[Required work] Once you find the line containing "Provide a short and direct response. 7.67e+07." in the data below, copy it and each following line exactly, up to and including the line containing "Offer a very short reply. 1. Is", and nothing else.

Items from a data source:
=== Begin Enclosure ===

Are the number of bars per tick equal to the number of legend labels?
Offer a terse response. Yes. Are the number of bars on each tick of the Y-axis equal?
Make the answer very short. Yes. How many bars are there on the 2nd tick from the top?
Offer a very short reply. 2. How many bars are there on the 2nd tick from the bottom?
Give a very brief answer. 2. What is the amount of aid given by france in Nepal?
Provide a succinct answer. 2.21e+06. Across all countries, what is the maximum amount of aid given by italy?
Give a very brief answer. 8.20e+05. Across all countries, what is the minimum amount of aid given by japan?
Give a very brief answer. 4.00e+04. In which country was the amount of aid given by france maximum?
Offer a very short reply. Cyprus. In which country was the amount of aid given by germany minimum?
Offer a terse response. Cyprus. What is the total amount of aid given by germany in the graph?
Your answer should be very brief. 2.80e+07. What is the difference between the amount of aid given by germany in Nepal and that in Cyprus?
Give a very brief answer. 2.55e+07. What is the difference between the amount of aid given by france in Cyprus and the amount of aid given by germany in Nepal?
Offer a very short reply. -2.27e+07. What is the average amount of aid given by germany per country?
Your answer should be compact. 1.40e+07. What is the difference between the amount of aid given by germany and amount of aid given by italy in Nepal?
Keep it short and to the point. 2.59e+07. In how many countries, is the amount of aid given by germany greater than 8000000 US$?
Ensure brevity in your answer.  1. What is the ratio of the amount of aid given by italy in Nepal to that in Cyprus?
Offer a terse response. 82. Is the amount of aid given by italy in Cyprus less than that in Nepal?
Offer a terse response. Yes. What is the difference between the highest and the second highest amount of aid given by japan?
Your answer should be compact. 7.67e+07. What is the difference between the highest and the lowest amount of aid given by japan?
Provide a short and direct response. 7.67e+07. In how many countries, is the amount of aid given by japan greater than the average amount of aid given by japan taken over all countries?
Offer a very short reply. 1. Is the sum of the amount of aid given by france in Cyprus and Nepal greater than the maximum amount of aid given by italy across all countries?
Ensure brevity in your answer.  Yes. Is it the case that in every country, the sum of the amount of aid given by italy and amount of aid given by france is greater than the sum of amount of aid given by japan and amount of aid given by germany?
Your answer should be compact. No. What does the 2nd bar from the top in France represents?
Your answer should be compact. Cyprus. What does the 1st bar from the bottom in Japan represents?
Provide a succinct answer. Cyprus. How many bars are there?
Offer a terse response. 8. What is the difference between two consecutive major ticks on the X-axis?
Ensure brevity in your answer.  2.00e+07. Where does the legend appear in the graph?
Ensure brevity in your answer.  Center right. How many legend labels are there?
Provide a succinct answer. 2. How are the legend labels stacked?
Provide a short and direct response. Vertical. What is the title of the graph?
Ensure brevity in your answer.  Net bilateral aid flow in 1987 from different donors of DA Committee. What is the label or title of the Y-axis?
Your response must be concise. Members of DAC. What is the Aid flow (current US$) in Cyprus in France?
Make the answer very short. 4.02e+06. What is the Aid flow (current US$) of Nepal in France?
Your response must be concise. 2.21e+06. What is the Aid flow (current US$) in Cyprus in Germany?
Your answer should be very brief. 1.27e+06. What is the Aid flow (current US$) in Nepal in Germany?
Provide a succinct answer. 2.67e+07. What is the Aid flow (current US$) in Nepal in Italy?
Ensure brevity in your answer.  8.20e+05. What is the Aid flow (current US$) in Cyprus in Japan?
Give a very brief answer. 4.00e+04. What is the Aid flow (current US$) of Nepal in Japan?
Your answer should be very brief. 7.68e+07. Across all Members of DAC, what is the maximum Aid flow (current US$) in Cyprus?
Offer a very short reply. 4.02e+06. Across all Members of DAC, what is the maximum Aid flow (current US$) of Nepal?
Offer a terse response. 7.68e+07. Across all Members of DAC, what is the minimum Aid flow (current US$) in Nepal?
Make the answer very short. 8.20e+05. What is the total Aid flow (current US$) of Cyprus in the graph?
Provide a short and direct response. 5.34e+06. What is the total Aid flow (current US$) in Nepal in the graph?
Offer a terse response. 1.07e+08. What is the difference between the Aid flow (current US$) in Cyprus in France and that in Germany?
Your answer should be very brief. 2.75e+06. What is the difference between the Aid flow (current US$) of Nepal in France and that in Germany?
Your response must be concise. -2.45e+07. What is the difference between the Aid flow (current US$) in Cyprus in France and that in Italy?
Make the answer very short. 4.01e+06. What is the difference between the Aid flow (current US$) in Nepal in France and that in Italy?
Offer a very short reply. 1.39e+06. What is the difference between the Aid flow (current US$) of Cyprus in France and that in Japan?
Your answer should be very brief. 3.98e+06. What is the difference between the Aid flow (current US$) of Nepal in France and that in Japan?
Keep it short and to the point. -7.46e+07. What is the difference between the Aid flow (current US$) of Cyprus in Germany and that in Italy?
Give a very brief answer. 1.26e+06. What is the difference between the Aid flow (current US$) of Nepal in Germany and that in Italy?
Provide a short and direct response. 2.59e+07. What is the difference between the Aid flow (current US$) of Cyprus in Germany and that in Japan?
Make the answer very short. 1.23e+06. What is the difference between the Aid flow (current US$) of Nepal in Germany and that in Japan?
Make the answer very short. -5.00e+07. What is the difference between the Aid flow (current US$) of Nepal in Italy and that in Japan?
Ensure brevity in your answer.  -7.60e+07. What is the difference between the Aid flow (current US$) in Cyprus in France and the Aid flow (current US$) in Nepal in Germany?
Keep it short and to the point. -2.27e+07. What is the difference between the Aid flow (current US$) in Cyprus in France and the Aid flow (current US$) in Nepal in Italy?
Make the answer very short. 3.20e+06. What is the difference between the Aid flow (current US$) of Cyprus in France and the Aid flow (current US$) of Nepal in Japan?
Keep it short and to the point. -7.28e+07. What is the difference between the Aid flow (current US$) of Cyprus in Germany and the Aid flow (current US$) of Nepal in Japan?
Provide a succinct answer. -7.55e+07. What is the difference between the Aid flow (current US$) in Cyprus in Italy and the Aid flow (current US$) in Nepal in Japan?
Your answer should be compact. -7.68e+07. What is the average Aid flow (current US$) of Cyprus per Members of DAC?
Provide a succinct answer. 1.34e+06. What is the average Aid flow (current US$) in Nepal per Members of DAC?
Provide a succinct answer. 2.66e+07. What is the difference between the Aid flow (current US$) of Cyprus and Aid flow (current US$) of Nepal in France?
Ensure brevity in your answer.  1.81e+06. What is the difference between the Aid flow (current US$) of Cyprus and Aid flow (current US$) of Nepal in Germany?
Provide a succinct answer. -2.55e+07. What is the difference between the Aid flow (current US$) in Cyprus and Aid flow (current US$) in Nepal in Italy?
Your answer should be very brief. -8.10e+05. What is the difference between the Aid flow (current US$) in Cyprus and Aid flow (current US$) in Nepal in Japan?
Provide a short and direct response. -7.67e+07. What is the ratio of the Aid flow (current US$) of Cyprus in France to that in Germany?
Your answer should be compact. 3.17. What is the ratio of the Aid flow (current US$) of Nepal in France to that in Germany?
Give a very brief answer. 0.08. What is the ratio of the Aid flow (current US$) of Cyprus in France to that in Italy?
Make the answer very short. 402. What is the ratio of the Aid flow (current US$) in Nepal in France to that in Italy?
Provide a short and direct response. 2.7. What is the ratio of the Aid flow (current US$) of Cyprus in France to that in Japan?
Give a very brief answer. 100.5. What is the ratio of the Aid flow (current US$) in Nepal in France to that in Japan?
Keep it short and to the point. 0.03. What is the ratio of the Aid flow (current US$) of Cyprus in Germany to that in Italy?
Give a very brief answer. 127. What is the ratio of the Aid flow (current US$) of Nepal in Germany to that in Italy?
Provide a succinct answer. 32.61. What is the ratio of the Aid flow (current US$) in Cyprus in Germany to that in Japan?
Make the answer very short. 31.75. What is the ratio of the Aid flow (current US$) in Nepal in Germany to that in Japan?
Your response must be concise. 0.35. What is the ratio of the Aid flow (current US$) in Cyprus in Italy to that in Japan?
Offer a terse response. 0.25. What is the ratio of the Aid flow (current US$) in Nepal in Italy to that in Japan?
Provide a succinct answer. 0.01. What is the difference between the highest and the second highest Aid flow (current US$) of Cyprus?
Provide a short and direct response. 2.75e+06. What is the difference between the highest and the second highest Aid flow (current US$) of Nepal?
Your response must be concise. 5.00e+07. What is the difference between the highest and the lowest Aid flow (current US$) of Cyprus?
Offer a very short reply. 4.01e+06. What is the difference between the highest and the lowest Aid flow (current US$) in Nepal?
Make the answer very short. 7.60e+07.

=== End Enclosure ===

[Result below]
Provide a short and direct response. 7.67e+07. In how many countries, is the amount of aid given by japan greater than the average amount of aid given by japan taken over all countries?
Offer a very short reply. 1. Is the sum of the amount of aid given by france in Cyprus and Nepal greater than the maximum amount of aid given by italy across all countries?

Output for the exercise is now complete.